一夜明けて
手紙が届いた翌日。手紙に指定された6月9日は明日だった。昼休み、巧は窓の外を眺めていた。昨晩から降り出した雨は止む気配がなく、一層激しさを増していた。窓を眺めながら巧は昨日のことを思いだしていた。
手紙を読んでからの巧はずっと上の空だった。いつものように夜遅く帰ってきた茂樹ともろくに話さなかった。茂樹は「親子のコミュニケーションは大切だから」と言って他愛のないことでも全て巧に話した。それは他者との関係を完全に絶った巧に茂樹がしてやれる最大限の優しさだった。しかし、いつもは茂樹の他愛もない会話にも相槌をうってくれる巧だったが、昨日は生返事しか返ってこなかった。茂樹が心配したのは言うまでもないが、それでも巧は
「大丈夫だから」
と言って、手紙のことは話さなかった。話すべきなのか話さないべきなのかも考えられないほど動揺していたのだ。
『私はあなたの力の正体を知っています。
真実を知りたくありませんか?』
その言葉が頭の中でずっと響いていた。他人との関係がないせいで、巧の力を知る者は匠の父親以外誰もいなかった。幼い頃傷つけてしまった友達やその親も、謎の現象に多少不審には思ったもののまさか巧が人間を超えた力を持つとは思いもしなかった。自分が傷つけたのに誰も自分を咎めようとしない。謝っても逆にそれが不審に思われてしまう。それもまた、巧の心を必要以上に縛り付けた要因のひとつだった。だが、なら誰がこの手紙を送ったというのだろうか?何を知っているというのだろうか?明日通用門に行けば何かが分かるのだろうか?でも――。その時、巧は自分の手が震えていることに気がついた。怖いのだろうか?確かに真実を知るというのは怖かった。今まで、自分の力が何なのか知りたいと思ったことは数知れない。だが、いざそれを知るとなると無性に怖くなるのだ。でもきっとそれだけじゃない。恐怖だけじゃない。色んな感情がゴチャ混ぜになっているのだろう。
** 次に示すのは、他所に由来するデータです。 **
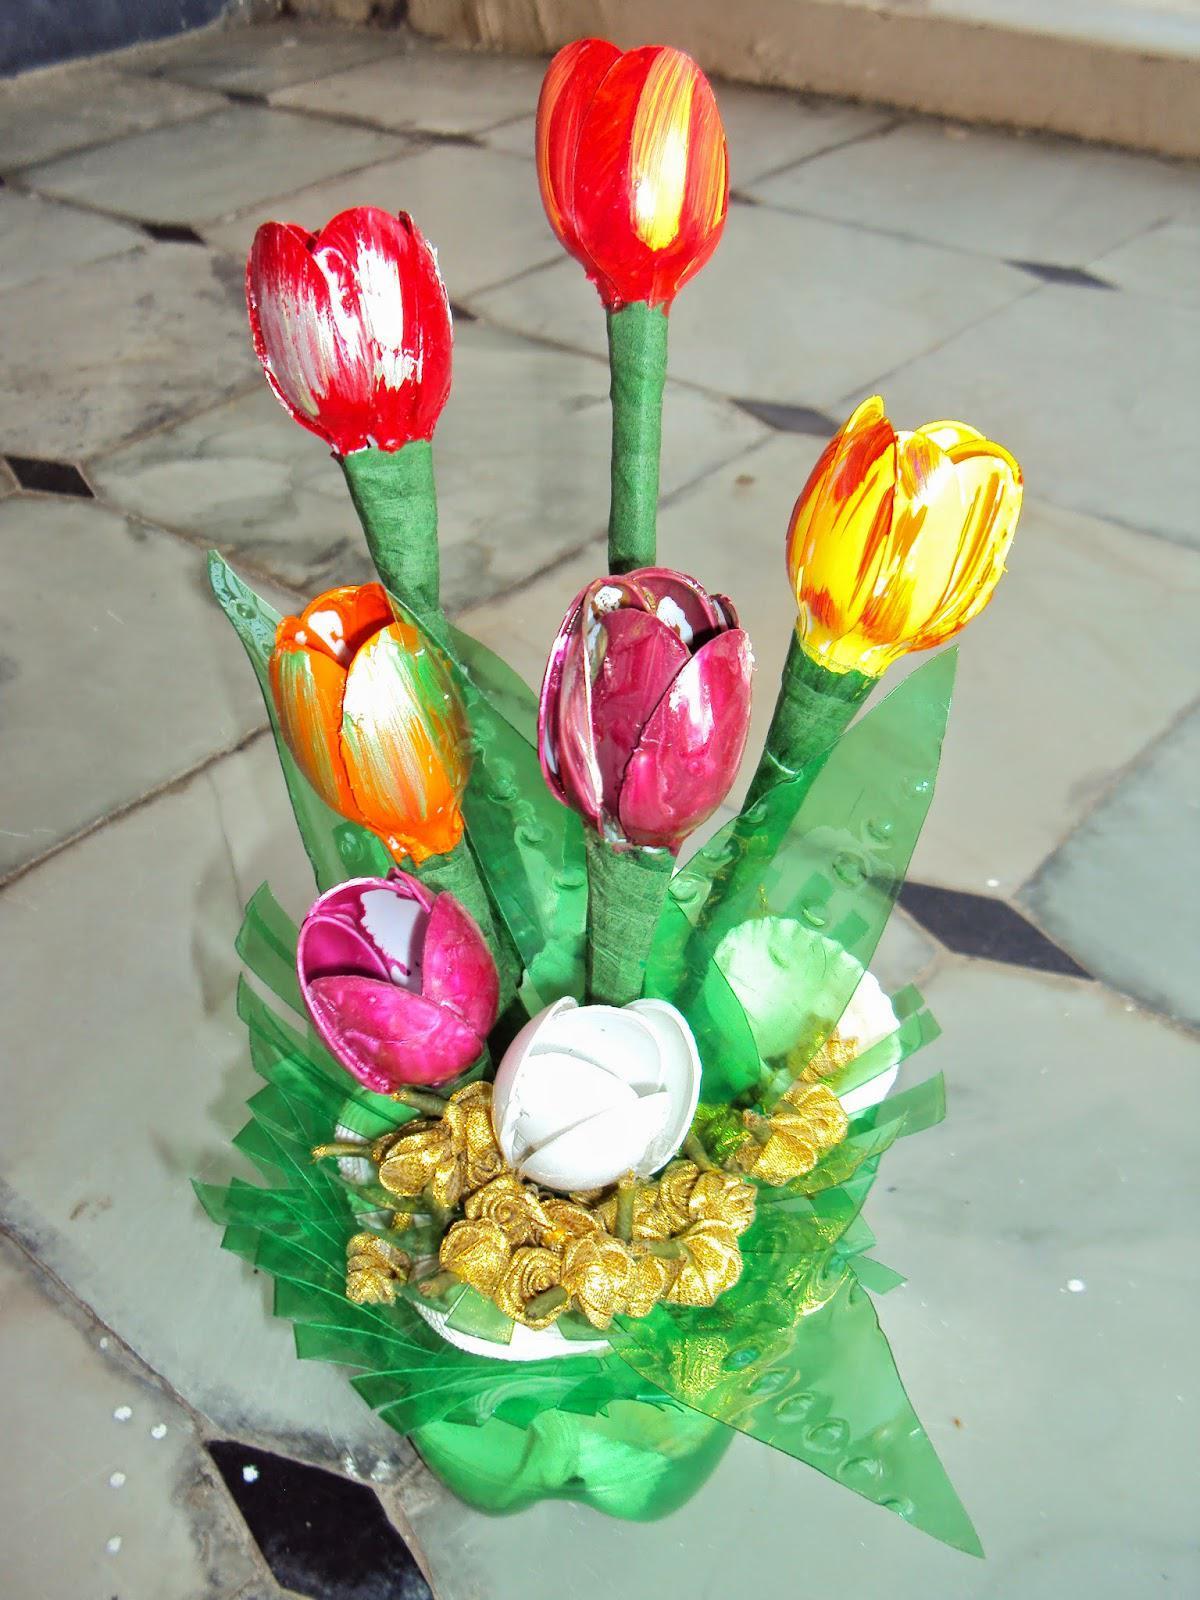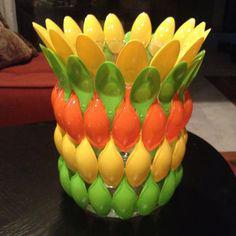The first image is the image on the left, the second image is the image on the right. For the images shown, is this caption "In one of the images, there are more than one pots with plantlife in them." true? Answer yes or no. No. The first image is the image on the left, the second image is the image on the right. Examine the images to the left and right. Is the description "One image shows at leat four faux flowers of different colors, and the other image shows a vase made out of stacked layers of oval shapes that are actually plastic spoons." accurate? Answer yes or no. Yes.

そんな感情があるひとつの考えを導き出した。
(明日、行かない方がいいんじゃないか……)
頭では行ったほうが良いということは十分に分かっている。しかし、行きたくないという気持ちも確かにあった。行かないことは簡単だった。手紙を無かったものとして、今まで通り生活すればいいだけだ。
『キーン、コーン、カーン、コーン』
考えがまとまらない内に昼休みの終了を告げるチャイムが鳴る。
(授業の間は手紙のことを多少なりとも忘れることができるだろう。あとは家に帰ってからもう一度考えよう)
そう思って巧は自分の席に戻った。
下校時刻。やっぱり手紙のことが頭から離れなかった。そんな中昇降口を出ようとしたとき、
「お前、ちょっと今から良い?」
話しかけてきたのは、校内きっての不良だった。